You will need to use the ideal gas law to answer this question. The ideal gas law is given by the mathematical formula #"PV"# = #"nRT"#, where P is pressure, V is volume, n is number of moles, R is the gas constant, and T is temperature. When using the gas laws, the temperature needs to be in Kelvins, which is done by adding 273 to the Celsius temperature.

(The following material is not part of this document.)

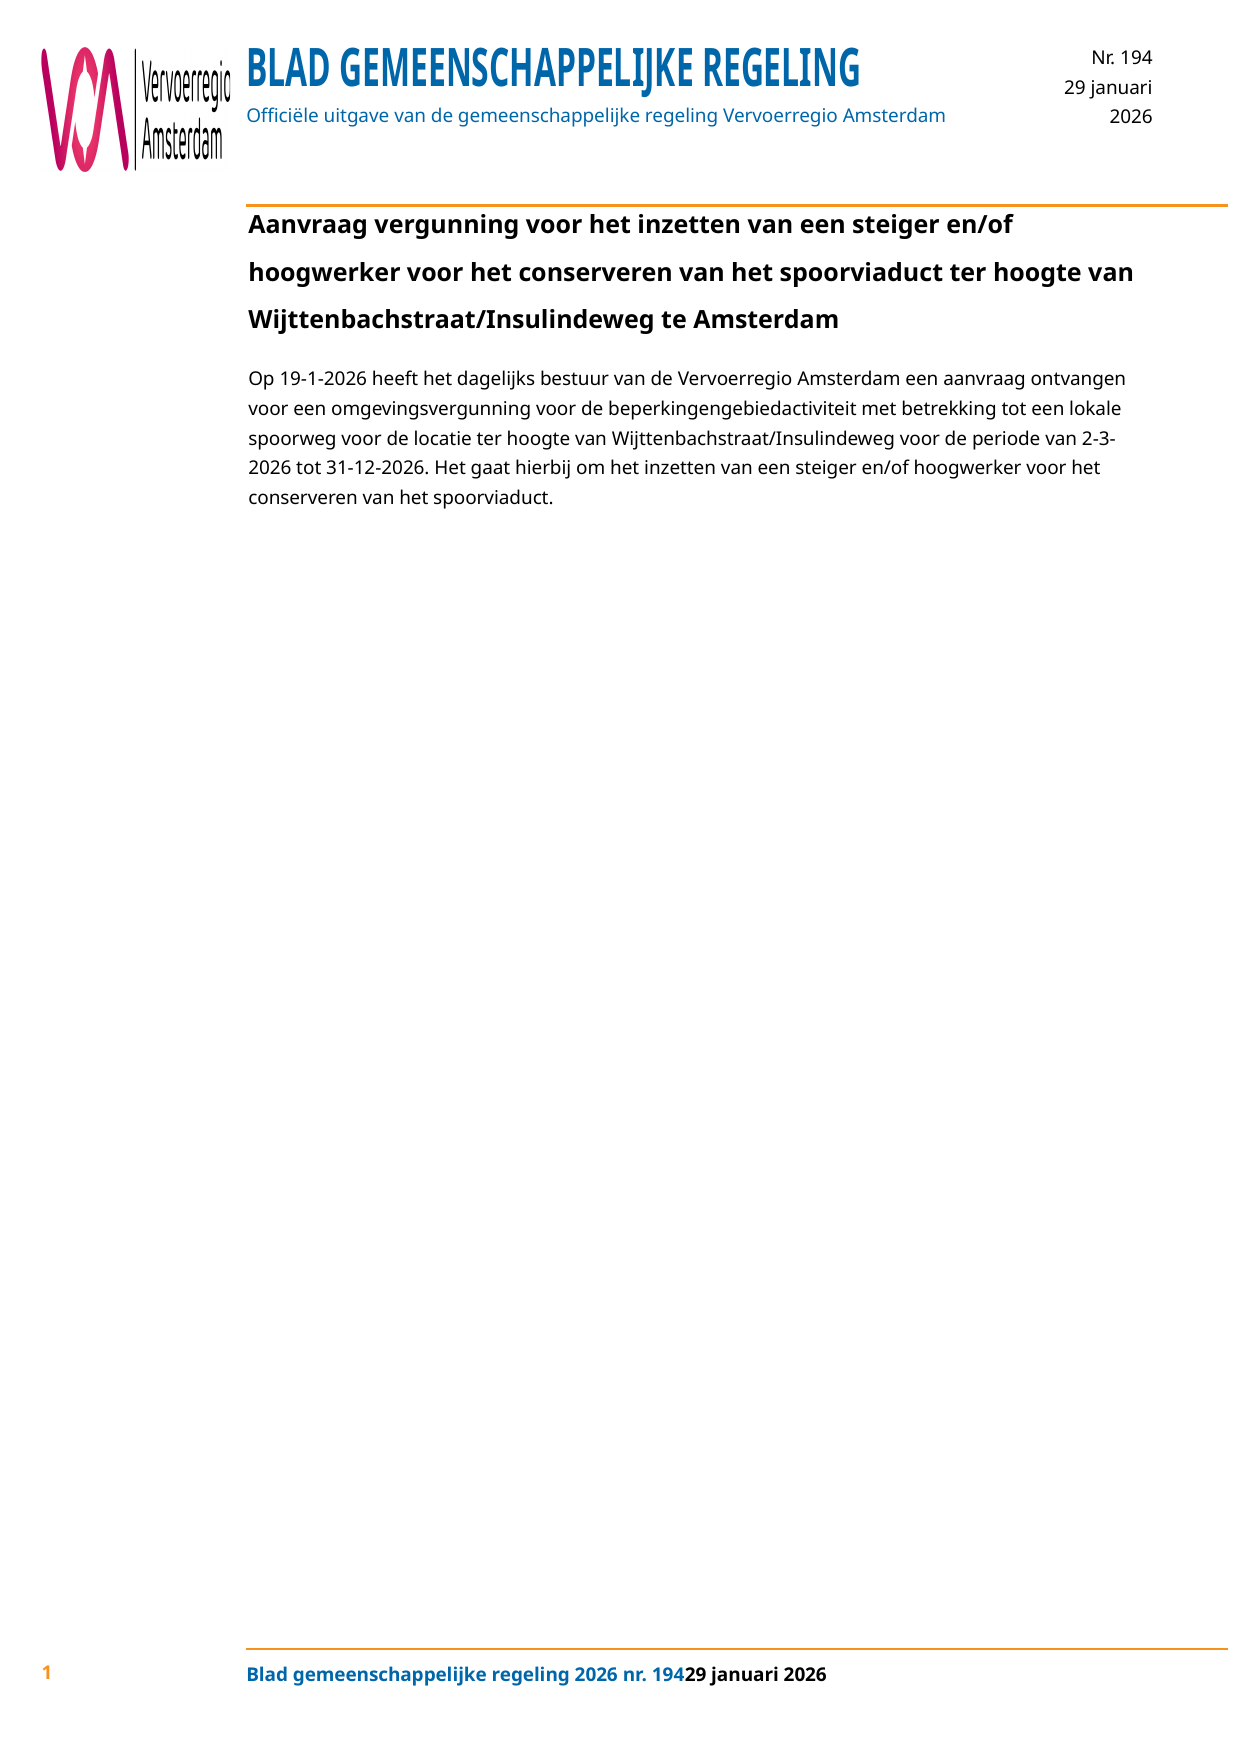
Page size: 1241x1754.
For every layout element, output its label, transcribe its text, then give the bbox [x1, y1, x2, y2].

The gas constant R can be represented by different units, but in this problem #"R"# = #"0.08206 L atm K"^(−1) "mol"^(−1)"#.

**Given/Known:**

#"P"# = #"1.000 atm"#

#"V"# = #"100. L"#

#"T"# = #"1325 C"# + #"273"# = #"1598K"#

#"R"# = #"0.08206 L atm K"^(−1)
"mol"^(−1)"#.

**Unkown** :

number of moles, n

**Equation:**

#"PV"# = #"nRT"#

**Solution:**

**Divide both sides of the equation by #"RT"# to isolate #"n"#. Solve for #"n"#.**

#"n"# = #"PV"/"RT"# = #"(1.000)(100.)""/(0.08206)(1598)"# = #"0.763 mol"# (rounded to three significant figures due to 100. having three significant figures.

**Answer:**

The number of moles of a gas under the conditions given is #"0.763"#.